Ms Zabihyan said she understood the government’s rationale for the decision, but said many people were very unhappy.

She said that at the meeting one person had told Rayner: “No-one cares about this more than me, because I had just bits of bone to bury of my mother so that building means a lot to me. That is where her soul is, where her ashes are. It’s in that building.”

Following the meeting, a government spokesperson said: “The priority for the deputy prime minister is to meet with and write to the bereaved, survivors and the immediate community to let them know her decision on the future of the Grenfell Tower.

“This is a deeply personal matter for all those affected, and the deputy prime minister is committed to keeping their voice at the heart of this.”

But the head of a local residents’ association told Radio 4’s The World Tonight he and “the overwhelming majority” of local residents supported the decision to take down the tower.

Mushtaq Lasharie, a local resident and chairman of Lancaster West Estate Residents Association, told Radio 4: “We were waiting over seven-and-a-half years for a closure and I hope this decision will bring a closure.

“When we surveyed a few years back the overwhelming majority wanted to take it out and the reason is, number one, it is dangerous, number two, it reminds us every day.”

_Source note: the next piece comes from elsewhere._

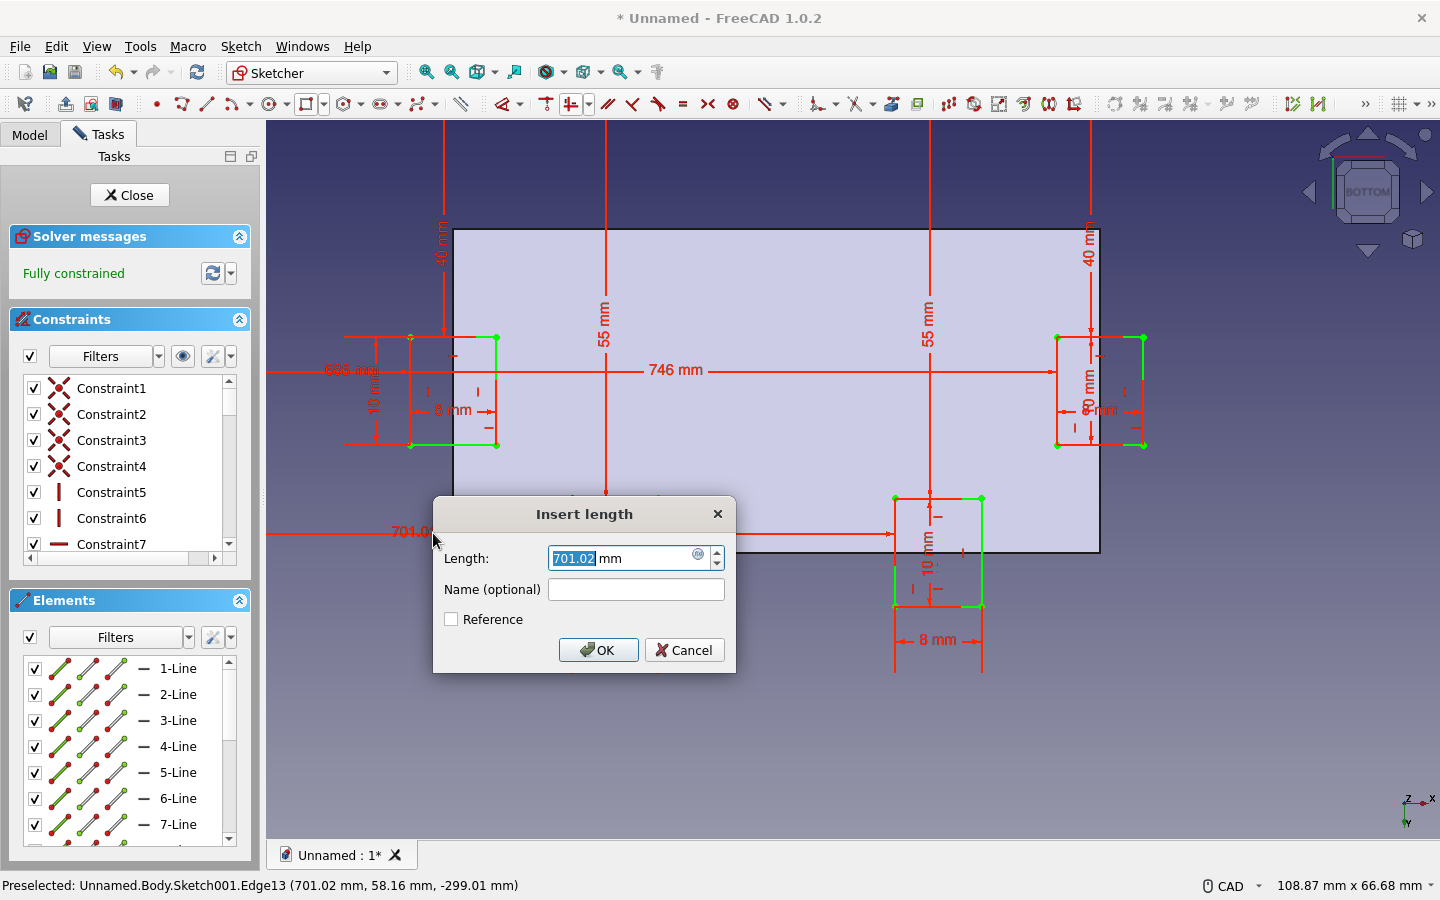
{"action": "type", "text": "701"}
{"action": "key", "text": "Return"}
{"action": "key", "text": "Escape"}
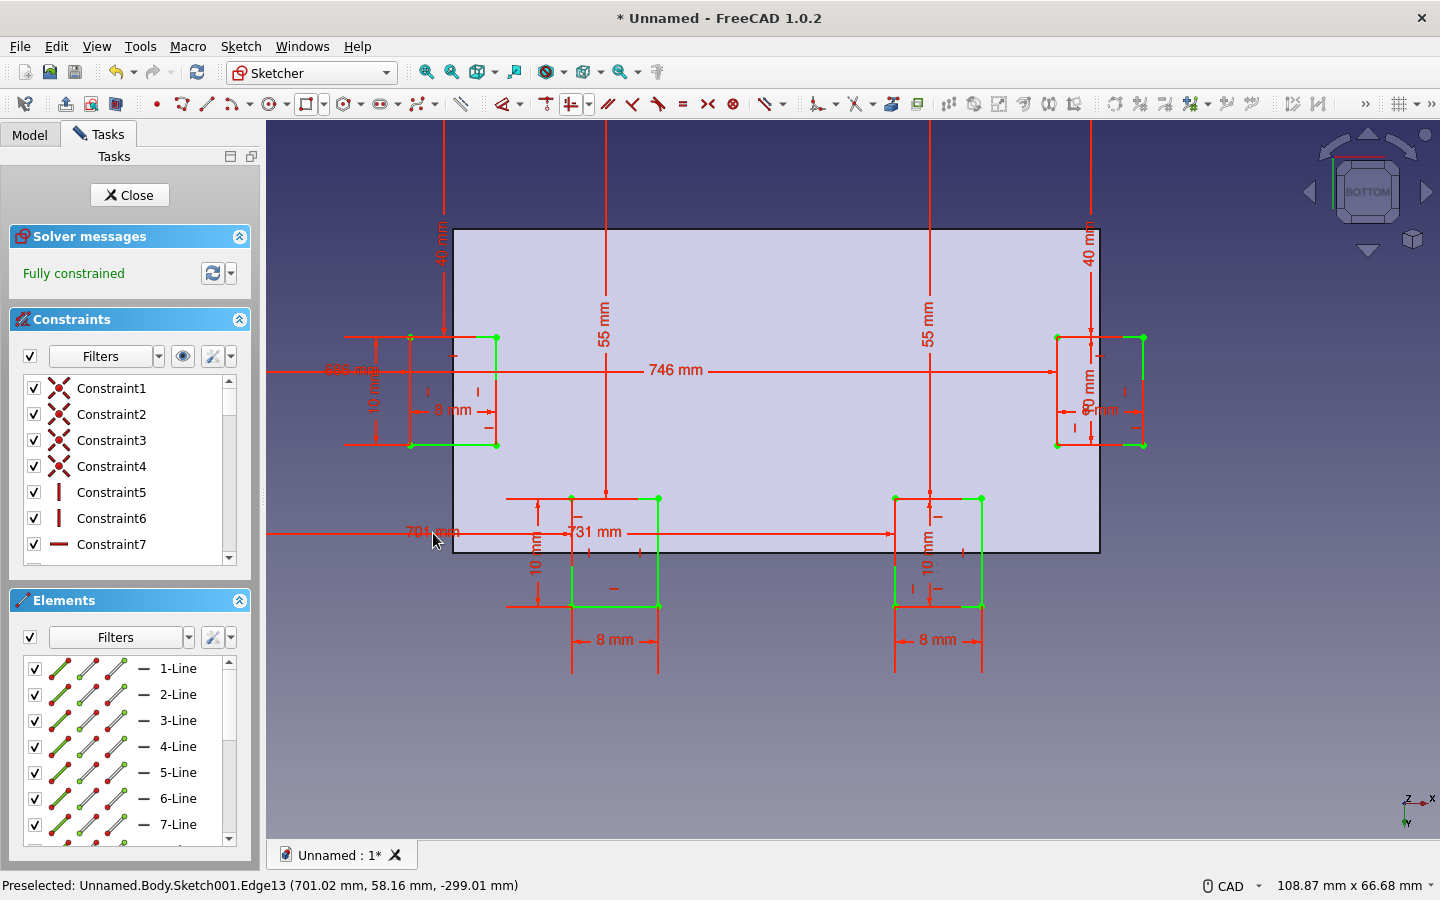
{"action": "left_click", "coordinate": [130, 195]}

Emma O’Connor, who lived on 20th floor of tower and escaped the fire that night, told Radio 4’s Today programme she thought the tower should be “taken down from the top to the 10th floor which they say is the most unstable so it then can be erected into a standing memorial”.

“We understand it’s unsafe but if it’s out of sight, it will be definitely be out of mind for those responsible for the tragic deaths,” she said.

Ms O’Connor was at the meeting with Rayner and said survivors and relatives were told ‘I’ve made this decision, I’ll take questions now’, but said officials “didn’t answer how they came to the decision” to dismantle the tower.

Emma Dent Coad, who was Labour MP for Kensington at the time of the Grenfell fire and is now an independent councillor on Kensington and Chelsea Council, said a lot of the bereaved and families were “absolutely distraught”.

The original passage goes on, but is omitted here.